Nonce vs. Nullifier Anti-Replay
A verifier nonce is a fresh random challenge that binds the proof to a specific session, preventing replay of captured proofs. A nullifier is a deterministic value tied to the credential and context — it prevents double-use (like double-voting or double-spending) while maintaining unlinkability. Nonces prevent replay; nullifiers prevent re-use.
Device Binding
Device binding ties the credential to a hardware-backed key (e.g., Secure Enclave, TEE). The wallet signs the verifier's challenge with the device key, proving physical possession. Without it, credentials can be exported, shared, or cloned.
On-Chain Verification
Verifying proofs on-chain (smart contract) adds transparency and trust but introduces constraints: proof size must fit gas limits, the verifier contract must be audited, and verification key management becomes critical. This tool models on-chain as a verification target but does not simulate gas costs or circuit constraints.
Extending the Tool
Adding a Module
Edit src/lib/modules/registry.ts and add a ModuleDefinition to the registry array. Specify its provides, requires, conflicts, and diagram hooks. The rule engine and diagram generator will automatically pick it up.
Adding a Rule
Edit src/lib/rules/ruleset.ts and add a Rule with a predicate function, module adds/removals, and a human-readable explanation. The engine resolves dependencies and conflicts automatically.
Adding a Threat Template
Edit src/lib/threats/templates.ts and add a ThreatTemplate. Define the appliesWhen predicate (receives scenario and selected modules), severity, mitigations with dependsOnModules, detection signals, and references.
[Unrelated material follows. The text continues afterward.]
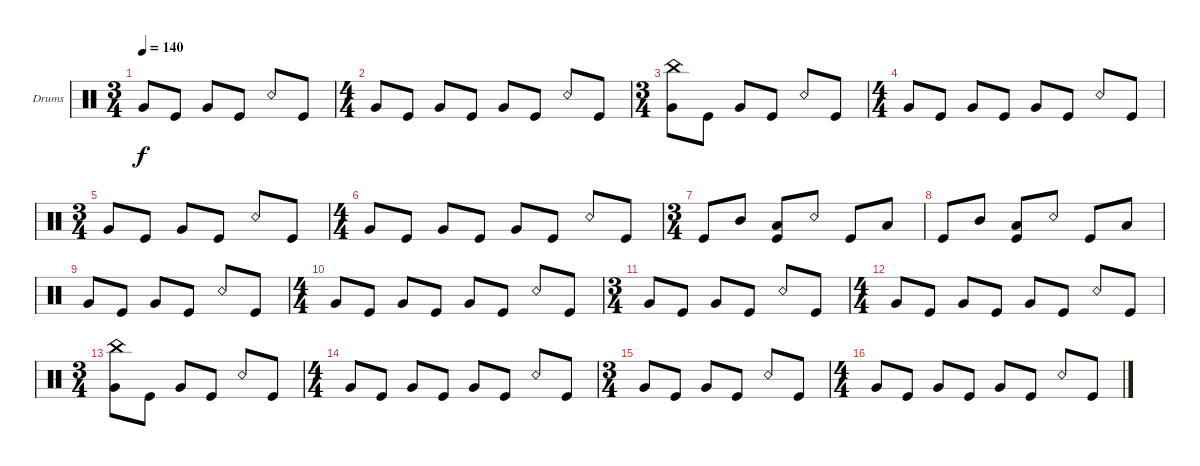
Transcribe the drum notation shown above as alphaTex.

The generator handles evaluation and satisfaction checks.
Threat Categories
Soundness / Forgery
Credential or proof forgery attacks
Zero-Knowledge Leakage
Unintended attribute disclosure
Unlinkability / Linkability
Cross-session or cross-verifier tracking
Replay / Double-Spend
Proof reuse or double-presentation
Device Sharing / Cloning
Credential export or device theft
Issuer Tracking / Registry
Issuer-side holder surveillance
Verifier Collusion
Multi-verifier correlation attacks
Dependency / Status / Revocation
Revocation gaps or status failures
Implementation / Side-Channels
Timing, memory, logging leaks
Operational / Key Management
Key rotation, contract audit, gas limits
LimitationsImportant
- This is a checklist-based design tool, not a formal security proof or verification system. It identifies common risks based on configuration but does not guarantee completeness.
- The threat model covers known patterns for anonymous credential systems. Novel or domain-specific threats may not be included.
- On-chain verification constraints (gas limits, circuit compatibility, verifier contract correctness) are flagged as risks but not simulated.
- Network-level attacks, issuer misbehavior at issuance time, and physical coercion are out of scope.
- Always review the output with a qualified security team before production deployment.